■ **Available data**:
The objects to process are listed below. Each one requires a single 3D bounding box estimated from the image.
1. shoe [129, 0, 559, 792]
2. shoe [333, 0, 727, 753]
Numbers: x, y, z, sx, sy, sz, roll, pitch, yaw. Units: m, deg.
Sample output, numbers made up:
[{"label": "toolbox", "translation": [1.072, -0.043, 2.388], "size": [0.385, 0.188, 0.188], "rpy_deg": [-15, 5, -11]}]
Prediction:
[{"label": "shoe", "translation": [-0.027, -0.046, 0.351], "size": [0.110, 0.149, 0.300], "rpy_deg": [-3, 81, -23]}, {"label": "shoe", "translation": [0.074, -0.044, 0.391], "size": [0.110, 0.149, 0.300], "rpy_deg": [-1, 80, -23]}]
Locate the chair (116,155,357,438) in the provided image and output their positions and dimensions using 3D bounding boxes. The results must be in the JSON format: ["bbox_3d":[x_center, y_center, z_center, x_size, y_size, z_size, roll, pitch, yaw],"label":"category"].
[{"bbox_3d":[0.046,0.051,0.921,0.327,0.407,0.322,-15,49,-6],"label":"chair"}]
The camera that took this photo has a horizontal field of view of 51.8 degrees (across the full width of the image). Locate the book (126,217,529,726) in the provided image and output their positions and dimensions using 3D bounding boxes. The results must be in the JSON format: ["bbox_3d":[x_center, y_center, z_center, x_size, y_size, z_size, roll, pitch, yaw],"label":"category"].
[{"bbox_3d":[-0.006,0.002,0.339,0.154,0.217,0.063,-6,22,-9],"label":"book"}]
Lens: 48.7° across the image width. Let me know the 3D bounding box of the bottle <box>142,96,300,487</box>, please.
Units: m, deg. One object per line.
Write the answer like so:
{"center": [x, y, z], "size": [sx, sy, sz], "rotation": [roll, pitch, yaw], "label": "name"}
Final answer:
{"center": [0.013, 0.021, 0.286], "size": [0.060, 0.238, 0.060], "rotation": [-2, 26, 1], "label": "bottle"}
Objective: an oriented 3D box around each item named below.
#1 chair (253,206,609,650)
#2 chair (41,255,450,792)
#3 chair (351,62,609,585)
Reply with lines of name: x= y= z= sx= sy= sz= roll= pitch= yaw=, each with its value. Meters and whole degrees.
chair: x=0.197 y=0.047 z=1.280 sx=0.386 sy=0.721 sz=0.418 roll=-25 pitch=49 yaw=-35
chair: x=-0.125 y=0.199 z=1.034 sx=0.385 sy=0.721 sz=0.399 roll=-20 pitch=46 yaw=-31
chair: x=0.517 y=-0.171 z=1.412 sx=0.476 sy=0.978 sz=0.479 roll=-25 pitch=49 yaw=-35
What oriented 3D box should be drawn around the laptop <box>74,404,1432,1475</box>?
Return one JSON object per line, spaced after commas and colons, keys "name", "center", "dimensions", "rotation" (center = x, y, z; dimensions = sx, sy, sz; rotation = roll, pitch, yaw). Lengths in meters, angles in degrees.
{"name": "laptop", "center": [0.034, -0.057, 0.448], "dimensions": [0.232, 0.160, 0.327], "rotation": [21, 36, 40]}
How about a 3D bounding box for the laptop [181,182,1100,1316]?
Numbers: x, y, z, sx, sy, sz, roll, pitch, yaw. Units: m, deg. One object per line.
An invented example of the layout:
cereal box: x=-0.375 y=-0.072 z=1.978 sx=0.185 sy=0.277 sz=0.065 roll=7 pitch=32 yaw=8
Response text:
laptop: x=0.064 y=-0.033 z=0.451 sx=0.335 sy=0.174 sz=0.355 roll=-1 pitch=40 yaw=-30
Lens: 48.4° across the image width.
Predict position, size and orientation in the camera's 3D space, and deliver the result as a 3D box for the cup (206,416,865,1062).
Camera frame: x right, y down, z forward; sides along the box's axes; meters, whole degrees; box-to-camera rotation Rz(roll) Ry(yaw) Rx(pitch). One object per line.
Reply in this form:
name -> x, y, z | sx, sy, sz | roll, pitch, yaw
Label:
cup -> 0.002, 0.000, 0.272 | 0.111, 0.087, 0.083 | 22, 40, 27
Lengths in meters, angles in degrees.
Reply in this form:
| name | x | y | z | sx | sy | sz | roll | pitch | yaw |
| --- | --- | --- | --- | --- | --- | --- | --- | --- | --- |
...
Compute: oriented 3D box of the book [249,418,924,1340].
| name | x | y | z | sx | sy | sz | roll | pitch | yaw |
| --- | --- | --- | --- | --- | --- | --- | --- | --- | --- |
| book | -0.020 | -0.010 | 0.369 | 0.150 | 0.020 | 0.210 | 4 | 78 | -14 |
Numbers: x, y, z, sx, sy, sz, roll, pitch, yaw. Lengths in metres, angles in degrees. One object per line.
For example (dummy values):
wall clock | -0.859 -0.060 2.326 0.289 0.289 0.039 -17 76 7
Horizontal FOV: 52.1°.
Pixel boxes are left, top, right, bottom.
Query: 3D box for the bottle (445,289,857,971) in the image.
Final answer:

■ **Exercise objective**: Nothing in the records may be left out; copy them all exactly.

■ **Solution to this problem**:
The objects to process are listed below. Each one requires a single 3D bounding box estimated from the image.
1. shoe [129, 0, 559, 792]
2. shoe [333, 0, 727, 753]
Numbers: x, y, z, sx, sy, sz, roll, pitch, yaw. Units: m, deg.
Sample output, numbers made up:
[{"label": "toolbox", "translation": [1.072, -0.043, 2.388], "size": [0.385, 0.188, 0.188], "rpy_deg": [-15, 5, -11]}]
Prediction:
[{"label": "shoe", "translation": [-0.027, -0.046, 0.351], "size": [0.110, 0.149, 0.300], "rpy_deg": [-3, 81, -23]}, {"label": "shoe", "translation": [0.074, -0.044, 0.391], "size": [0.110, 0.149, 0.300], "rpy_deg": [-1, 80, -23]}]
Locate the chair (116,155,357,438) in the provided image and output their positions and dimensions using 3D bounding boxes. The results must be in the JSON format: ["bbox_3d":[x_center, y_center, z_center, x_size, y_size, z_size, roll, pitch, yaw],"label":"category"].
[{"bbox_3d":[0.046,0.051,0.921,0.327,0.407,0.322,-15,49,-6],"label":"chair"}]
The camera that took this photo has a horizontal field of view of 51.8 degrees (across the full width of the image). Locate the book (126,217,529,726) in the provided image and output their positions and dimensions using 3D bounding boxes. The results must be in the JSON format: ["bbox_3d":[x_center, y_center, z_center, x_size, y_size, z_size, roll, pitch, yaw],"label":"category"].
[{"bbox_3d":[-0.006,0.002,0.339,0.154,0.217,0.063,-6,22,-9],"label":"book"}]
Lens: 48.7° across the image width. Let me know the 3D bounding box of the bottle <box>142,96,300,487</box>, please.
Units: m, deg. One object per line.
Write the answer like so:
{"center": [x, y, z], "size": [sx, sy, sz], "rotation": [roll, pitch, yaw], "label": "name"}
Final answer:
{"center": [0.013, 0.021, 0.286], "size": [0.060, 0.238, 0.060], "rotation": [-2, 26, 1], "label": "bottle"}
Objective: an oriented 3D box around each item named below.
#1 chair (253,206,609,650)
#2 chair (41,255,450,792)
#3 chair (351,62,609,585)
Reply with lines of name: x= y= z= sx= sy= sz= roll= pitch= yaw=, each with its value. Meters and whole degrees.
chair: x=0.197 y=0.047 z=1.280 sx=0.386 sy=0.721 sz=0.418 roll=-25 pitch=49 yaw=-35
chair: x=-0.125 y=0.199 z=1.034 sx=0.385 sy=0.721 sz=0.399 roll=-20 pitch=46 yaw=-31
chair: x=0.517 y=-0.171 z=1.412 sx=0.476 sy=0.978 sz=0.479 roll=-25 pitch=49 yaw=-35
What oriented 3D box should be drawn around the laptop <box>74,404,1432,1475</box>?
Return one JSON object per line, spaced after commas and colons, keys "name", "center", "dimensions", "rotation" (center = x, y, z; dimensions = sx, sy, sz; rotation = roll, pitch, yaw). Lengths in meters, angles in degrees.
{"name": "laptop", "center": [0.034, -0.057, 0.448], "dimensions": [0.232, 0.160, 0.327], "rotation": [21, 36, 40]}
How about a 3D bounding box for the laptop [181,182,1100,1316]?
Numbers: x, y, z, sx, sy, sz, roll, pitch, yaw. Units: m, deg. One object per line.
An invented example of the layout:
cereal box: x=-0.375 y=-0.072 z=1.978 sx=0.185 sy=0.277 sz=0.065 roll=7 pitch=32 yaw=8
Response text:
laptop: x=0.064 y=-0.033 z=0.451 sx=0.335 sy=0.174 sz=0.355 roll=-1 pitch=40 yaw=-30
Lens: 48.4° across the image width.
Predict position, size and orientation in the camera's 3D space, and deliver the result as a 3D box for the cup (206,416,865,1062).
Camera frame: x right, y down, z forward; sides along the box's axes; meters, whole degrees; box-to-camera rotation Rz(roll) Ry(yaw) Rx(pitch). One object per line.
Reply in this form:
name -> x, y, z | sx, sy, sz | roll, pitch, yaw
Label:
cup -> 0.002, 0.000, 0.272 | 0.111, 0.087, 0.083 | 22, 40, 27
Lengths in meters, angles in degrees.
Reply in this form:
| name | x | y | z | sx | sy | sz | roll | pitch | yaw |
| --- | --- | --- | --- | --- | --- | --- | --- | --- | --- |
...
Compute: oriented 3D box of the book [249,418,924,1340].
| name | x | y | z | sx | sy | sz | roll | pitch | yaw |
| --- | --- | --- | --- | --- | --- | --- | --- | --- | --- |
| book | -0.020 | -0.010 | 0.369 | 0.150 | 0.020 | 0.210 | 4 | 78 | -14 |
Numbers: x, y, z, sx, sy, sz, roll, pitch, yaw. Lengths in metres, angles in degrees. One object per line.
For example (dummy values):
wall clock | -0.859 -0.060 2.326 0.289 0.289 0.039 -17 76 7
Horizontal FOV: 52.1°.
Pixel boxes are left, top, right, bottom.
Query: 3D box for the bottle (445,289,857,971) in the image.
Final answer:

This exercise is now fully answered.